Compute is a per-timeline PostgreSQL instance, so it should not have any access to data of other tenants. All tokens used by a compute are restricted to a specific tenant. There is no auth isolation from other timelines of the same tenant, but a non-rogue client never accesses another timeline even by an accident: timeline IDs are random and hard to guess.

Incoming connections

All incoming connections are from PostgreSQL clients. Their authentication is just plain PostgreSQL authentication and out of scope for this document.

There is no administrative API except those provided by PostgreSQL.

Outgoing connections

Compute connects to Pageserver for getting pages. The connection string is configured by the neon.pageserver_connstring PostgreSQL GUC, e.g. postgresql://no_user@localhost:15028. If the $NEON_AUTH_TOKEN environment variable is set, it is used as the password for the connection. (The pageserver uses JWT tokens for authentication, so the password is really a token.)

Compute connects to Safekeepers to write and commit data. The list of safekeeper addresses is given in the neon.safekeepers GUC. The connections to the safekeepers take the password from the $NEON_AUTH_TOKEN environment variable, if set.

The compute_ctl binary that runs before the PostgreSQL server, and launches PostgreSQL, also makes a connection to the pageserver. It uses it to fetch the initial "base backup" dump, to initialize the PostgreSQL data directory. It also uses $NEON_AUTH_TOKEN as the password for the connection.

Pageserver

Overview

Pageserver keeps track of multiple tenants, each having multiple timelines. For each timeline, it connects to the corresponding Safekeeper. Information about "corresponding Safekeeper" is published by Safekeepers in the storage_broker, but they do not publish access tokens, otherwise what is the point of authentication.

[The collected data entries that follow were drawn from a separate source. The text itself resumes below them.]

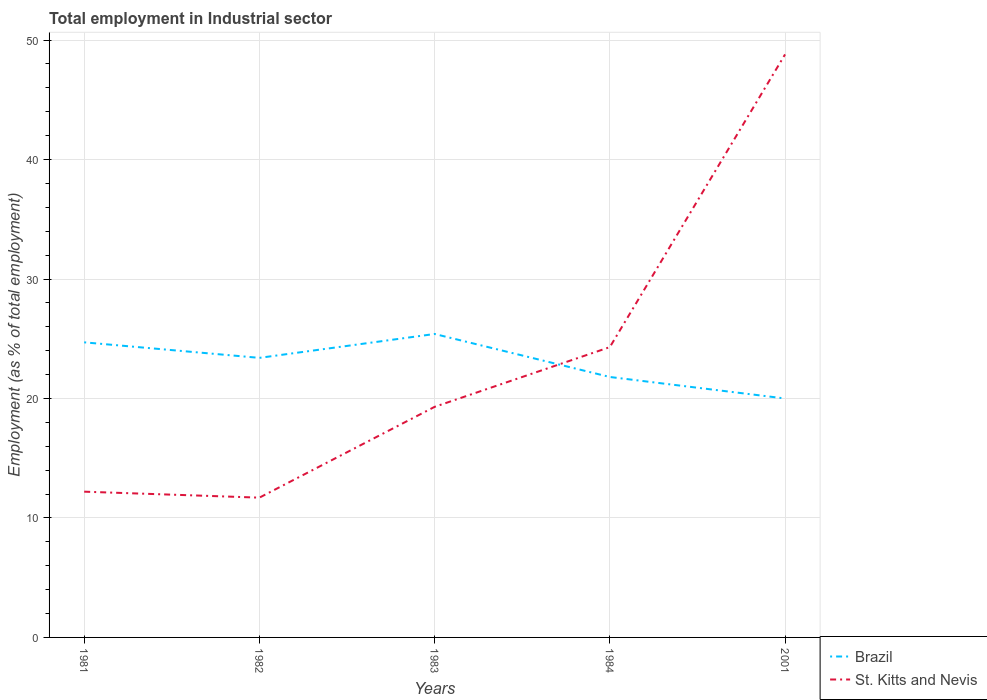How many different coloured lines are there?
Your answer should be compact. 2. Does the line corresponding to Brazil intersect with the line corresponding to St. Kitts and Nevis?
Make the answer very short. Yes. Is the number of lines equal to the number of legend labels?
Make the answer very short. Yes. What is the total employment in industrial sector in Brazil in the graph?
Keep it short and to the point. 2.9. What is the difference between the highest and the second highest employment in industrial sector in St. Kitts and Nevis?
Your response must be concise. 37.1. What is the difference between the highest and the lowest employment in industrial sector in Brazil?
Offer a very short reply. 3. Is the employment in industrial sector in St. Kitts and Nevis strictly greater than the employment in industrial sector in Brazil over the years?
Offer a very short reply. No. How many lines are there?
Ensure brevity in your answer.  2. How many years are there in the graph?
Offer a very short reply. 5. Does the graph contain grids?
Offer a very short reply. Yes. How many legend labels are there?
Give a very brief answer. 2. How are the legend labels stacked?
Make the answer very short. Vertical. What is the title of the graph?
Provide a succinct answer. Total employment in Industrial sector. What is the label or title of the Y-axis?
Offer a terse response. Employment (as % of total employment). What is the Employment (as % of total employment) of Brazil in 1981?
Your response must be concise. 24.7. What is the Employment (as % of total employment) of St. Kitts and Nevis in 1981?
Offer a terse response. 12.2. What is the Employment (as % of total employment) of Brazil in 1982?
Keep it short and to the point. 23.4. What is the Employment (as % of total employment) in St. Kitts and Nevis in 1982?
Offer a terse response. 11.7. What is the Employment (as % of total employment) of Brazil in 1983?
Your response must be concise. 25.4. What is the Employment (as % of total employment) in St. Kitts and Nevis in 1983?
Make the answer very short. 19.3. What is the Employment (as % of total employment) of Brazil in 1984?
Your answer should be compact. 21.8. What is the Employment (as % of total employment) in St. Kitts and Nevis in 1984?
Provide a succinct answer. 24.3. What is the Employment (as % of total employment) of St. Kitts and Nevis in 2001?
Your answer should be very brief. 48.8. Across all years, what is the maximum Employment (as % of total employment) in Brazil?
Provide a succinct answer. 25.4. Across all years, what is the maximum Employment (as % of total employment) in St. Kitts and Nevis?
Keep it short and to the point. 48.8. Across all years, what is the minimum Employment (as % of total employment) in St. Kitts and Nevis?
Offer a terse response. 11.7. What is the total Employment (as % of total employment) of Brazil in the graph?
Keep it short and to the point. 115.3. What is the total Employment (as % of total employment) of St. Kitts and Nevis in the graph?
Your answer should be very brief. 116.3. What is the difference between the Employment (as % of total employment) in St. Kitts and Nevis in 1981 and that in 1983?
Your answer should be compact. -7.1. What is the difference between the Employment (as % of total employment) of St. Kitts and Nevis in 1981 and that in 2001?
Provide a short and direct response. -36.6. What is the difference between the Employment (as % of total employment) of Brazil in 1982 and that in 1983?
Keep it short and to the point. -2. What is the difference between the Employment (as % of total employment) of St. Kitts and Nevis in 1982 and that in 1984?
Make the answer very short. -12.6. What is the difference between the Employment (as % of total employment) of Brazil in 1982 and that in 2001?
Provide a short and direct response. 3.4. What is the difference between the Employment (as % of total employment) in St. Kitts and Nevis in 1982 and that in 2001?
Make the answer very short. -37.1. What is the difference between the Employment (as % of total employment) in St. Kitts and Nevis in 1983 and that in 2001?
Ensure brevity in your answer.  -29.5. What is the difference between the Employment (as % of total employment) of St. Kitts and Nevis in 1984 and that in 2001?
Your answer should be very brief. -24.5. What is the difference between the Employment (as % of total employment) of Brazil in 1981 and the Employment (as % of total employment) of St. Kitts and Nevis in 1982?
Offer a terse response. 13. What is the difference between the Employment (as % of total employment) in Brazil in 1981 and the Employment (as % of total employment) in St. Kitts and Nevis in 1983?
Give a very brief answer. 5.4. What is the difference between the Employment (as % of total employment) of Brazil in 1981 and the Employment (as % of total employment) of St. Kitts and Nevis in 2001?
Offer a very short reply. -24.1. What is the difference between the Employment (as % of total employment) of Brazil in 1982 and the Employment (as % of total employment) of St. Kitts and Nevis in 1984?
Your answer should be compact. -0.9. What is the difference between the Employment (as % of total employment) of Brazil in 1982 and the Employment (as % of total employment) of St. Kitts and Nevis in 2001?
Provide a short and direct response. -25.4. What is the difference between the Employment (as % of total employment) in Brazil in 1983 and the Employment (as % of total employment) in St. Kitts and Nevis in 2001?
Your response must be concise. -23.4. What is the difference between the Employment (as % of total employment) in Brazil in 1984 and the Employment (as % of total employment) in St. Kitts and Nevis in 2001?
Keep it short and to the point. -27. What is the average Employment (as % of total employment) in Brazil per year?
Your answer should be very brief. 23.06. What is the average Employment (as % of total employment) of St. Kitts and Nevis per year?
Your answer should be compact. 23.26. In the year 2001, what is the difference between the Employment (as % of total employment) in Brazil and Employment (as % of total employment) in St. Kitts and Nevis?
Your response must be concise. -28.8. What is the ratio of the Employment (as % of total employment) of Brazil in 1981 to that in 1982?
Give a very brief answer. 1.06. What is the ratio of the Employment (as % of total employment) in St. Kitts and Nevis in 1981 to that in 1982?
Your answer should be very brief. 1.04. What is the ratio of the Employment (as % of total employment) in Brazil in 1981 to that in 1983?
Give a very brief answer. 0.97. What is the ratio of the Employment (as % of total employment) of St. Kitts and Nevis in 1981 to that in 1983?
Provide a short and direct response. 0.63. What is the ratio of the Employment (as % of total employment) of Brazil in 1981 to that in 1984?
Offer a terse response. 1.13. What is the ratio of the Employment (as % of total employment) of St. Kitts and Nevis in 1981 to that in 1984?
Offer a very short reply. 0.5. What is the ratio of the Employment (as % of total employment) of Brazil in 1981 to that in 2001?
Your response must be concise. 1.24. What is the ratio of the Employment (as % of total employment) of Brazil in 1982 to that in 1983?
Make the answer very short. 0.92. What is the ratio of the Employment (as % of total employment) of St. Kitts and Nevis in 1982 to that in 1983?
Keep it short and to the point. 0.61. What is the ratio of the Employment (as % of total employment) of Brazil in 1982 to that in 1984?
Keep it short and to the point. 1.07. What is the ratio of the Employment (as % of total employment) in St. Kitts and Nevis in 1982 to that in 1984?
Provide a short and direct response. 0.48. What is the ratio of the Employment (as % of total employment) in Brazil in 1982 to that in 2001?
Make the answer very short. 1.17. What is the ratio of the Employment (as % of total employment) in St. Kitts and Nevis in 1982 to that in 2001?
Your answer should be very brief. 0.24. What is the ratio of the Employment (as % of total employment) of Brazil in 1983 to that in 1984?
Your response must be concise. 1.17. What is the ratio of the Employment (as % of total employment) of St. Kitts and Nevis in 1983 to that in 1984?
Ensure brevity in your answer.  0.79. What is the ratio of the Employment (as % of total employment) of Brazil in 1983 to that in 2001?
Make the answer very short. 1.27. What is the ratio of the Employment (as % of total employment) in St. Kitts and Nevis in 1983 to that in 2001?
Offer a very short reply. 0.4. What is the ratio of the Employment (as % of total employment) of Brazil in 1984 to that in 2001?
Provide a succinct answer. 1.09. What is the ratio of the Employment (as % of total employment) in St. Kitts and Nevis in 1984 to that in 2001?
Offer a terse response. 0.5. What is the difference between the highest and the second highest Employment (as % of total employment) of Brazil?
Provide a short and direct response. 0.7. What is the difference between the highest and the lowest Employment (as % of total employment) of St. Kitts and Nevis?
Keep it short and to the point. 37.1.

Pageserver keeps a connection to some set of Safekeepers, which may or may not correspond to active Computes. Hence, we cannot obtain a per-timeline access token from a Compute. E.g. if the timeline's Compute terminates before all WAL is consumed by the Pageserver, the Pageserver continues consuming WAL.

Pageserver replicas' authentication is the same as the main's.

Incoming connections

Pageserver listens for connections from computes. Each compute should present a token valid for the timeline's tenant.

Pageserver also has HTTP API: some parts are per-tenant, some parts are server-wide, these are different scopes.

Authentication can be enabled separately for the HTTP mgmt API, and for the libpq connections from compute. The http_auth_type and pg_auth_type configuration variables in Pageserver's config may have one of these values:

  • Trust removes all authentication.
  • NeonJWT enables JWT validation. Tokens are validated using the public key which lies in a PEM file specified in the auth_validation_public_key_path config.

Outgoing connections

Pageserver makes a connection to a Safekeeper for each active timeline. As Pageserver may want to access any timeline it has on the disk, it is given a blanket JWT token to access any data on any Safekeeper. This token is passed through an environment variable called NEON_AUTH_TOKEN (non-configurable as of writing this text).

A better way may be to store JWT token for each timeline next to it, but may be not.

Safekeeper

Overview

Safekeeper keeps track of multiple tenants, each having multiple timelines.

Incoming connections

Safekeeper accepts connections from Compute/Pageserver, each connection corresponds to a specific timeline and requires a corresponding JWT token.

Safekeeper also has HTTP API: some parts are per-tenant, some parts are server-wide, these are different scopes.

The auth-validation-public-key-path command line options controls the authentication mode:

  • If the option is missing, there is no authentication or JWT token validation.
  • If the option is present, it should be a path to the public key PEM file used for JWT token validation.

Outgoing connections

No connections are initiated by a Safekeeper.

In the source code

Tests do not use authentication by default. If you need it, you can enable it by configuring the test's environment:

neon_env_builder.auth_enabled = True

You will have to generate tokens if you want to access components inside the test directly, use AuthKeys.generate_*_token methods for that. If you create a new scope, please create a new method to prevent mistypes in scope's name.